21.01.2013

KIRCHE„Gegen die Menschlichkeit“

Vergewaltigungsopfer werden abgewiesen, geschiedene Mitarbeiter entlassen: Katholische Krankenhäuser, Kindergärten und Altenheime sind ein Problemfall für den Sozialstaat.
Den Ursprung ihres segensreichen Wirkens verorten die "Cellitinnen zur heiligen Maria" im Köln des späten 13. Jahrhunderts. Schon damals widmeten sich die Nonnen der "Fürsorge für Kranke, Schwache und Arme".
Inzwischen ist daraus ein Konzern mit 16 Altenheimen und zehn Kliniken geworden. Nur mit der Fürsorge hat es zuletzt gehapert. Weil sie mit einer eventuellen Abtreibung nichts zu tun haben wollten, wiesen Ärzte der Cellitinnen kurz vor Weihnachten eine hilfesuchende Frau ab - obwohl der akute Verdacht bestand, dass sie vergewaltigt worden war.
"Sehr bedauerlich", "ein Missverständnis" - so wiegelte die verantwortliche Ordensstiftung vorige Woche öffentlich ab, als der Fall bundesweit publik wurde.
Tatsächlich aber kann die Zurückweisung von Vergewaltigungsopfern wohl kaum ein Missverständnis gewesen sein. Noch am 10. Januar erklärte Sylvia Klauser, die Ethikbeauftragte des Ordens, einer Notärztin den Umgang der Kliniken mit Vergewaltigungsopfern.
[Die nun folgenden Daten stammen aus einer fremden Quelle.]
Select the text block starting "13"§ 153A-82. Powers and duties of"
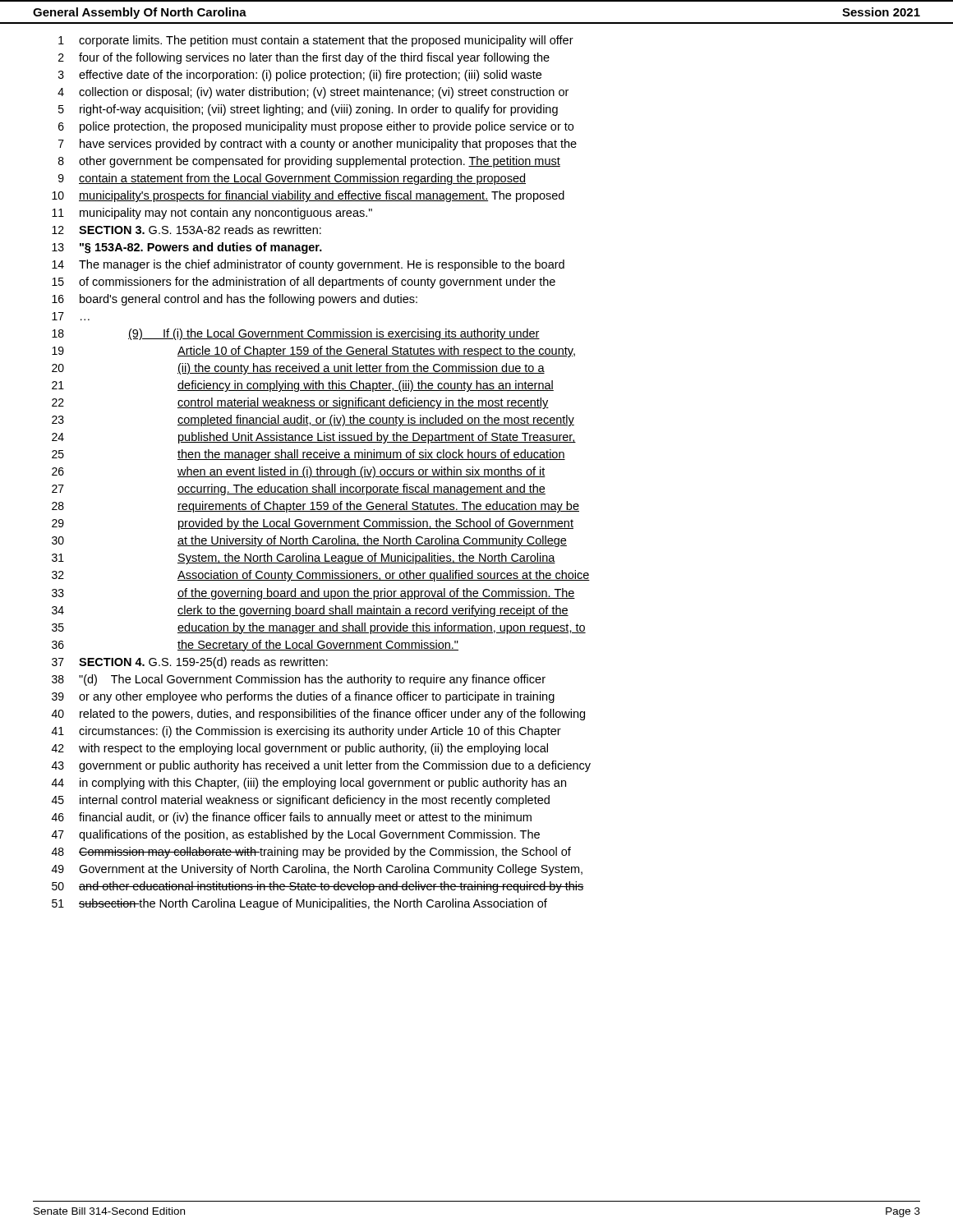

Die Ärztin protokollierte das Gespräch und hielt Erstaunliches fest: Solange vergewaltigte Patientinnen "ansprechbar und transportfähig" seien, notierte die Medizinerin, würden sie "in eine städtische Einrichtung" verlegt. Hauptsache, die Nonnen und ihre Ärzte müssen sich nicht mit einem möglichen Schwangerschaftsabbruch beschäftigen.
Der Fall zeigt, wie weit sich die Kirche von der Gesellschaft entfernt hat, vor allem - aber nicht nur - im Bereich der Sexualität.
Katholische Einrichtungen schotten sich zunehmend ab, sie verstehen sich oft als Staat im Staat; als Kosmos, in dem eigene, vom Papst und seinen Bischöfen überwachte Regeln gelten; eine Welt, in der Bund, Länder und Gemeinden wenig zu melden haben.
Jedes Jahr finanzieren Deutschlands Bürger die Bistümer mit Milliardenbeträgen. Wenn es aber Affären gibt, wenn etwa ein Missbrauchsskandal systematisch vertuscht und jahrelang nicht aufgeklärt wird, dann müssen sie hilflos zusehen, dann müssen sie erfahren, wie die Kirche ihre Sonderrechte energisch verteidigt.
Der Prozess der Entfremdung ist weit fortgeschritten, und es wäre ein Fehler, dies als das Problem der wenigen verbliebenen Kirchgänger zu betrachten. Millionen Deutsche sind potentiell betroffen. Kindergärten, Schulen, Krankenhäuser, Altenheime: Überall sind die Kirchen als Anbieter präsent. Nach dem Staat sind sie der größte Arbeitgeber der Republik. Sie geben vor, welches Leben ihre Ärzte, Erzieher, Lehrer oder Putzfrauen führen dürfen. Sie legen fest, wie Kinder erzogen werden. Und sie bestimmen eigenmächtig, wie Patienten zu behandeln - oder abzuschieben - sind.
"Die skandalösen Vorgänge in Köln widersprechen eklatant dem christlich-sozialen Auftrag", sagt Nordrhein-Westfalens stellvertretende Ministerpräsidentin Sylvia Löhrmann. Die Grünen-Politikerin ist Mitglied im Zentralkomitee der deutschen Katholiken und will den Vorgang dort zum Thema machen: "Einer vergewaltigten Frau nicht zu helfen ist ein Verstoß gegen die Menschlichkeit. Damit schadet sich die Kirche insgesamt", sagt die Schulministerin.
Im Zentrum der Kontroverse steht die "Pille danach", ein Medikament, das Vergewaltigungsopfern verabreicht werden kann, um eine Schwangerschaft zu verhindern.
Am 15. Dezember meldete sich beim Ärztlichen Notdienst in Köln-Nippes eine 25-jährige Frau. Die diensthabende Medizinerin Irmgard Maiworm behandelte das Opfer. Sie informierte die Polizei und verschrieb der Frau die "Pille danach".
Dann kündigte die Notärztin ihre Patientin zur Spurensicherung im benachbarten Cellitinnen-Hospital St. Vinzenz an. Doch die katholischen Kollegen weigerten sich zu helfen. Auch das ebenfalls von den Nonnen getragene Heilig-Geist-Krankenhaus lehnte ab. So diktiere es ihre Ethikrichtlinie, erfuhr Maiworm von den Kirchenärzten. "Ich konnte das kaum glauben", sagt Maiworm.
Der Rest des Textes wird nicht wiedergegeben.